EU Diplomaten aber sehen den Reformweg illusionslos:"Vor der Erweiterung haben wir einigen Einfluss, während der Verhandlungen haben wir sehr viel Einfluss, nach der Aufnahme haben wir gar keinen mehr". Als Anreiz gibt in den nächsten Jahren auch mehr Geld: 500 Millionen Euro stehen für den Westbalkan bisher zur Verfügung und die Summe könnte noch steigen.   

Strategische Interessen

Hinter der Beitrittsinitiative für den Westbalkan stehen vor allem strategische Argumente. Die EU fürchtet, dass die Länder unter zunehmendem Einfluss von Russland oder China abdriften könnten.  Man fürchtet das Wiederaufflammen von regionalen Konflikten und Störaktionen aus Moskau. Toby Vogel vom "Center for European Policy Studies" hält diese Furcht eher für Folklore. Er sieht aber Gefahren, weil ein EU-Beitritt die Machtbasis von Machthabern wie dem Serben Aleksandar Vukic und der anderen "starken Männer vom Balkan" eher schwächen würde. Fraglich sei also, wie ernst sie es noch damit meinen.

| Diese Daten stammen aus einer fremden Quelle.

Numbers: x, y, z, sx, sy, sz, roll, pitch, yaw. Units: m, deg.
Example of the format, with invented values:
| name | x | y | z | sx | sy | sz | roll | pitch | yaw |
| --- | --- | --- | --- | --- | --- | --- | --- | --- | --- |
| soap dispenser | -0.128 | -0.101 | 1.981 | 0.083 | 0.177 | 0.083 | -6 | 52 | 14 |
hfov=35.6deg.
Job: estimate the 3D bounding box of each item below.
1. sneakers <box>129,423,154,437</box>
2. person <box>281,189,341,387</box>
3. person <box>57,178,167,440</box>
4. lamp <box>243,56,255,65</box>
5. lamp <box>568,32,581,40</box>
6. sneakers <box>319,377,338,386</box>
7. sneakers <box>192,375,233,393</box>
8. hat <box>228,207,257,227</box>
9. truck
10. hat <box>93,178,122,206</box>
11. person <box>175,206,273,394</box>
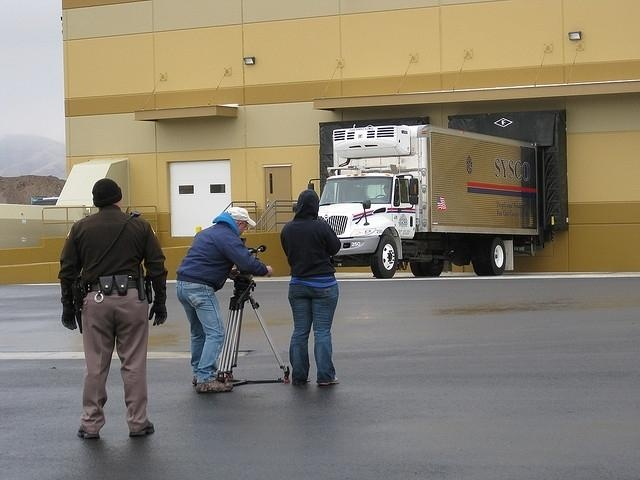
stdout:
| name | x | y | z | sx | sy | sz | roll | pitch | yaw |
| --- | --- | --- | --- | --- | --- | --- | --- | --- | --- |
| sneakers | -1.915 | 2.076 | 10.752 | 0.108 | 0.152 | 0.295 | 4 | 7 | 22 |
| person | -0.127 | 0.609 | 13.083 | 0.766 | 2.535 | 0.772 | 0 | 2 | -2 |
| person | -2.219 | 0.738 | 10.742 | 1.108 | 2.774 | 0.448 | -1 | 2 | -16 |
| lamp | -2.807 | -7.093 | 39.266 | 0.526 | 0.384 | 0.313 | 0 | 2 | 10 |
| lamp | 8.962 | -7.230 | 35.223 | 0.439 | 0.278 | 0.320 | 3 | 7 | 35 |
| sneakers | 0.121 | 1.826 | 12.809 | 0.293 | 0.090 | 0.142 | -2 | 3 | -26 |
| sneakers | -1.350 | 1.853 | 12.690 | 0.521 | 0.245 | 0.184 | -2 | 3 | -15 |
| hat | -1.031 | -0.291 | 13.013 | 0.339 | 0.181 | 0.228 | 19 | 16 | -17 |
| truck | 3.359 | -1.105 | 31.298 | 8.294 | 4.415 | 4.000 | 1 | 1 | -44 |
| hat | -2.299 | -0.524 | 10.758 | 0.286 | 0.257 | 0.298 | 5 | 25 | 33 |
| person | -1.320 | 0.750 | 12.852 | 1.026 | 2.324 | 0.685 | 0 | 2 | -6 |

Außerdem würden mit ihnen eher Leute in die EU kommen, "die dem Ungarn Viktor Orban ideologisch und vom Temperament her nahe stehen". Nationalismus und Populismus könnten weiteren Aufwind bekommen, Orban freue sich schon auf neue Bündnisgenossen, wird in Brüssel gespottet. Umso wichtiger sei es, dass die EU es mit der Umsetzung ihrer Kriterien und demokratischer Regeln absolut ernst meint, sagt Vogel. Sie dürfe sich nicht mit Scheinreformen zufrieden geben, dann gebe es die Chance, dass Europa mittelfristig größer und stärker werde und den Frieden in der Region erhalten könne.